La respuesta es fácil y rápida, no. La aplicación de la ley comienza a depender del perfil de caracteres distintivos, culturales, étnicos, sexuales, ideológicos y, al final, también de clase. La «idoneidad» es otro nombre más que adopta la arbitrariedad para sonar mejor. Pero «idoneidad», «flexibilidad» y «perspectivas» varias no son más que eso, las máscaras que está utilizando el carácter distintivo de un sistema totalitario, la arbitrariedad.

Imán de mezquita okupa que organiza algaradas, cero penas y una casa de premio. Señora que va a la farmacia y deja al perro atado en la puerta de dicho establecimiento mientras compra sus medicamentos, multa. La ley se aplica con más o menos «flexibilidad» según la disposición del sujeto a la violencia gratuita y su afinidad con el gobierno.

En casi todas las áreas se puede notar que la arbitrariedad está pudriendo el estado. Porque los mismos que quieren intervenir en empresas privadas para aplicar cuotas y decidir quien puede dirigir o no una compañía, luego colocan a «señoritas» en empresas públicas con claro incumplimiento de los criterios necesarios. Supongo que el que no lo quiere ver, seguirá en sus trece defendiendo la destrucción de los más básicos pilares del Estado de derecho. Entiendo por qué, les han vendido el eslogan de que ellos son los «defensores de la democracia». Y como sienten afinidad con los destructores del sistema, no necesitan más razones.

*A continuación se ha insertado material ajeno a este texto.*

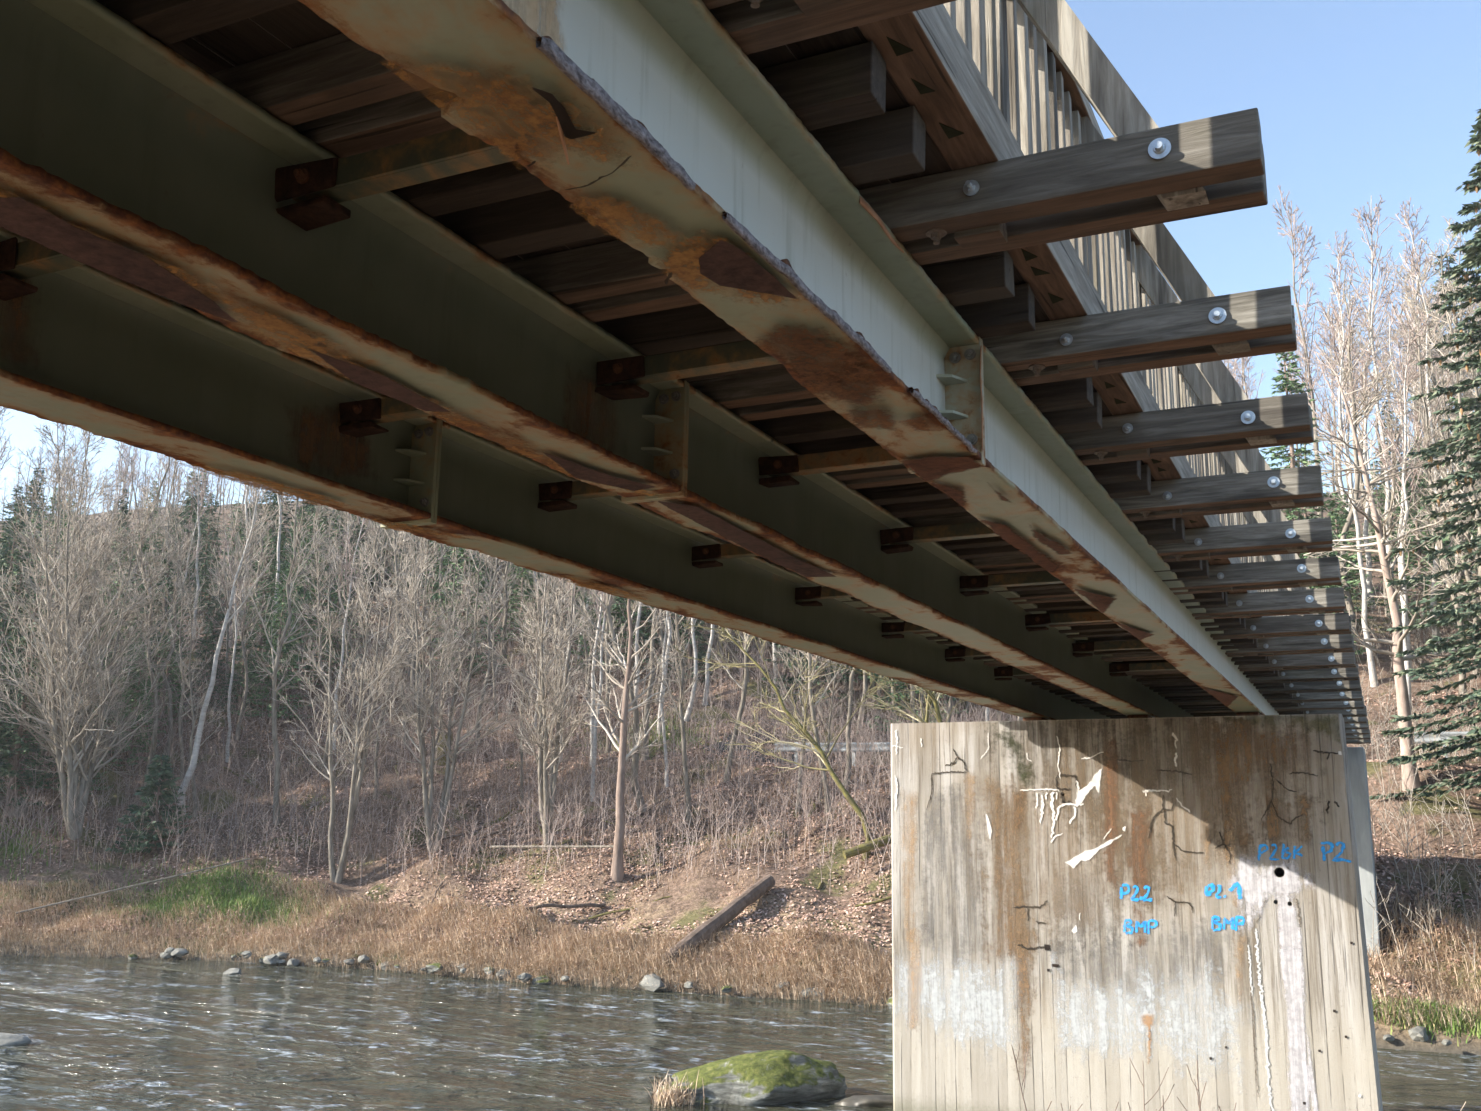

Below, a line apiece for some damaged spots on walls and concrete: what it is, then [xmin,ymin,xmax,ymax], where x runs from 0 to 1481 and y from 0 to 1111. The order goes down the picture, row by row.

Son dignos de añorar aquellos tiempos en que los que ahora justifican y defienden abiertamente la destrucción del Estado de derecho, se llevaban las manos a la cabeza porque el Rey era “inviolable”. Decían defender la igualdad ante la Ley. Parece que todo ha quedado atrás. Ahora podemos deleitarnos con las dantescas escenas de esas mismas personas tragando con amnistías, justificando un trato de la ley diferente por razón de sexo o cultura. O hacer una ley a drede para salvar el trasero a familiares de cargos políticos. No fuere a ser que algún “malvado juez” pusiere orden en el lucrativo negocio de compartir cama con un cargo público.

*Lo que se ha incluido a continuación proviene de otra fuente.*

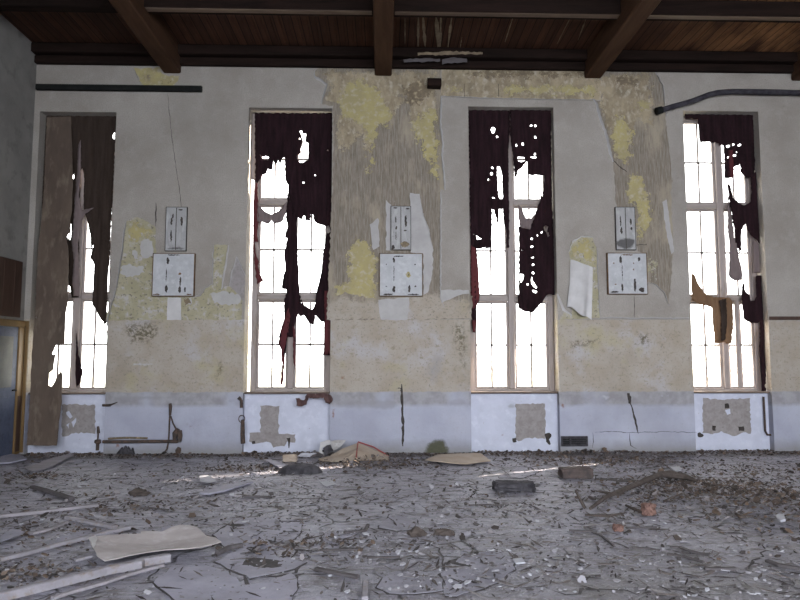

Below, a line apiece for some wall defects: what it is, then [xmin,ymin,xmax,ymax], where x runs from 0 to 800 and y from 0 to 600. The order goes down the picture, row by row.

peeling [314,68,674,320]
peeling [105,217,246,338]
flaking render [61,404,96,437]
flaking render [249,405,296,448]
flaking render [512,403,551,445]
crack [592,393,696,449]
flaking render [698,398,751,437]

Tenemos un sistema que está echando el ancla en la excepcionalidad. Y, peor aún, una parte importante de la población lo apoya y cree que el peligro está enfrente. Lo cual podría ser cierto, pero solamente si ese sector de la población reconociera que está defendiendo la arbitrariedad, la excepcionalidad y, por ende, la derogación del Estado de derecho. Pero no, por ardides de mensajes simplones para mentes aún más básicas, aquellos que se están cargando el Estado de derecho se jactan de demócratas. Al estilo del obeso cervecero que se complace en decir que está muy sano y muestra desdén hacia quiénes se cuidan con comentarios del tipo: «Paquito se cuidaba mucho y se murió… Pepe, ¡échate otro!».

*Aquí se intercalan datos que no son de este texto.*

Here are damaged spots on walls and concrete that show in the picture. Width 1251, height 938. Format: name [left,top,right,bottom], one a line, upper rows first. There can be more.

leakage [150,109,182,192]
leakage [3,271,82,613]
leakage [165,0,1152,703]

El peligro para nuestra democracia y el Estado de derecho no está entre quienes criticamos las derivas de arbitrariedad y tics autocráticos contra el interés general pero en favor de lobbies y grupos desarraigados. La nueva casta parásita que está colonizando y envenenando toda la estructura del estado, por arriba y por abajo. Ellos son la mayor amenaza si queremos igualdad ante la ley, mantener el Estado de derecho y tener un futuro menos oscuro para las siguientes generaciones. Pero, lamento decirlo, ya hay mucho daño hecho y van de cabeza a hacer más.

Es hora de revertir el relato tergiversado que se está utilizando para destruir los pocos mimbres del estado que aún no están podridos. Porque la perversión del estado siempre acaba afectando a la nación. Y el estado puede derrumbarse mientras la nación siga vital y preparada para resurgir. Pero hay que evitar que la gangrena del sistema se extienda mucho más por nuestro cuerpo social. Porque eso si que puede dañar la nación irreparablemente.

Por lo tanto, si el estado no está derecho, mejor que la Nación esté en pie.